Article Text
Abstract
Aims Objective of this study was to evaluate the feasibility of the non-invasive dye dilution method to quantify shunt size related to atrial septal defects (ASD).
The diagnostic accuracy of shunt size determination in ASD’s has been suboptimal with common non-invasive methods. We have previously developed a cost-effective and time-effective non-invasive dye dilution method. In this method, the indocyanine green solution is injected into the antecubital vein and the appearance of the dye is detected with an earpiece densitometer.

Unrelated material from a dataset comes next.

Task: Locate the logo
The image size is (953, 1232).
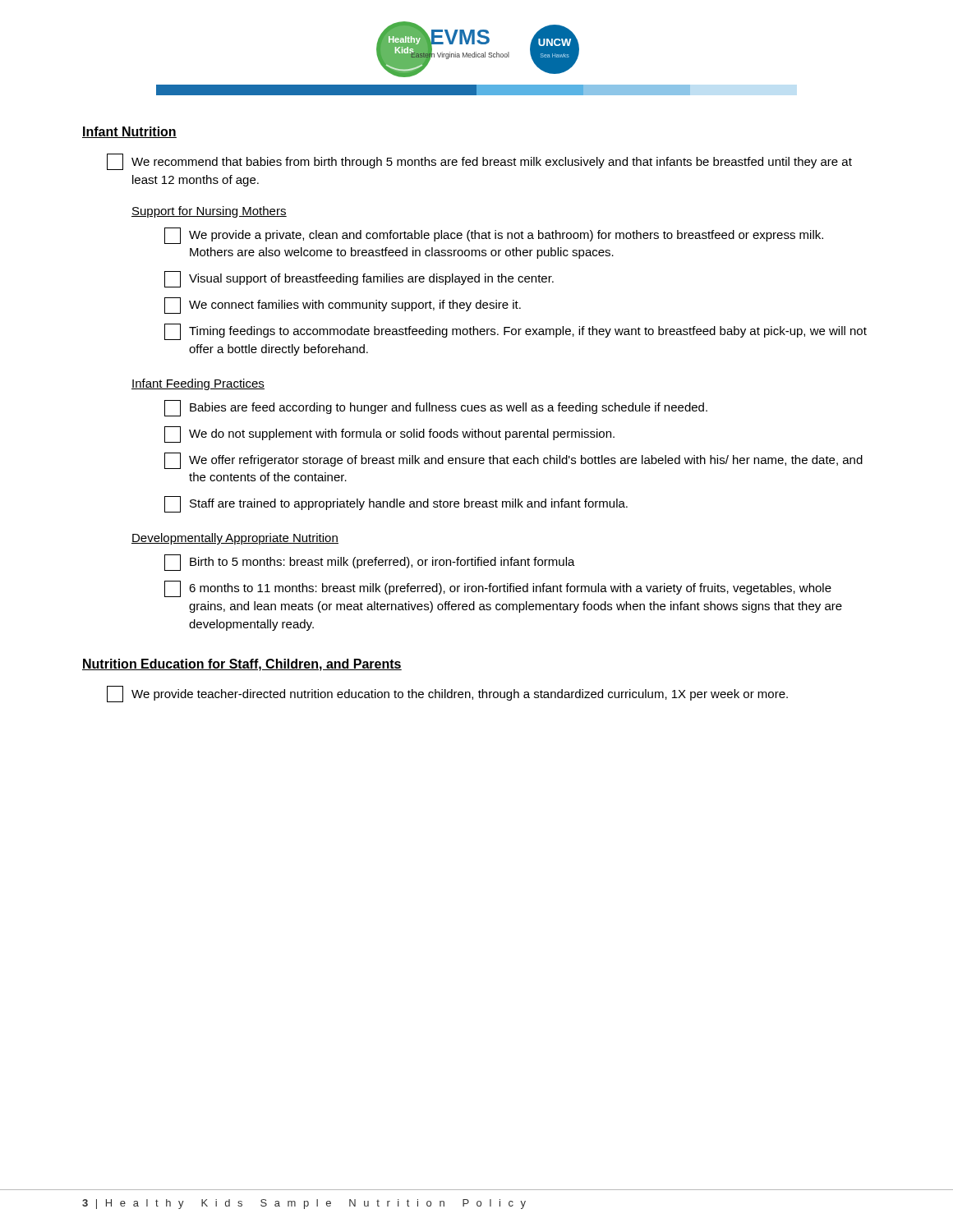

Methods and results We studied 192 patients with an ASD. Mean pulmonary blood flow/systemic blood flow (Qp/Qs) was measured with dye dilution technique and compared with following methods: Fick’s invasive oximetry (n=49), transoesophageal echocardiography (TEE) measuring ASD size (n=143) and cardiac MR (CMR) (n=9).
For the first 49 patients, Qp/Qs was 2.05±0.70 with the Fick’s invasive oximetry and 2.12±0.68 with dye dilution method with an excellent correlation between the two methods (R=0.902, p<0.001). In the second study sample, the ASD size by TEE was 15±6 mm on average, and the mean Qp/Qs 2.16±0.65 measured with dye dilution method with a good correlation between the methods (R=0.674, p<0.001). Qp/Qs measured with CMR was 1.87±0.40 resulting in a good correlation with the dye dilution method (R=0.696, p=0.037).
Conclusion The dye dilution method with earpiece densitometer recording is a clinically feasible and reliable method to assess shunt size in ASDs.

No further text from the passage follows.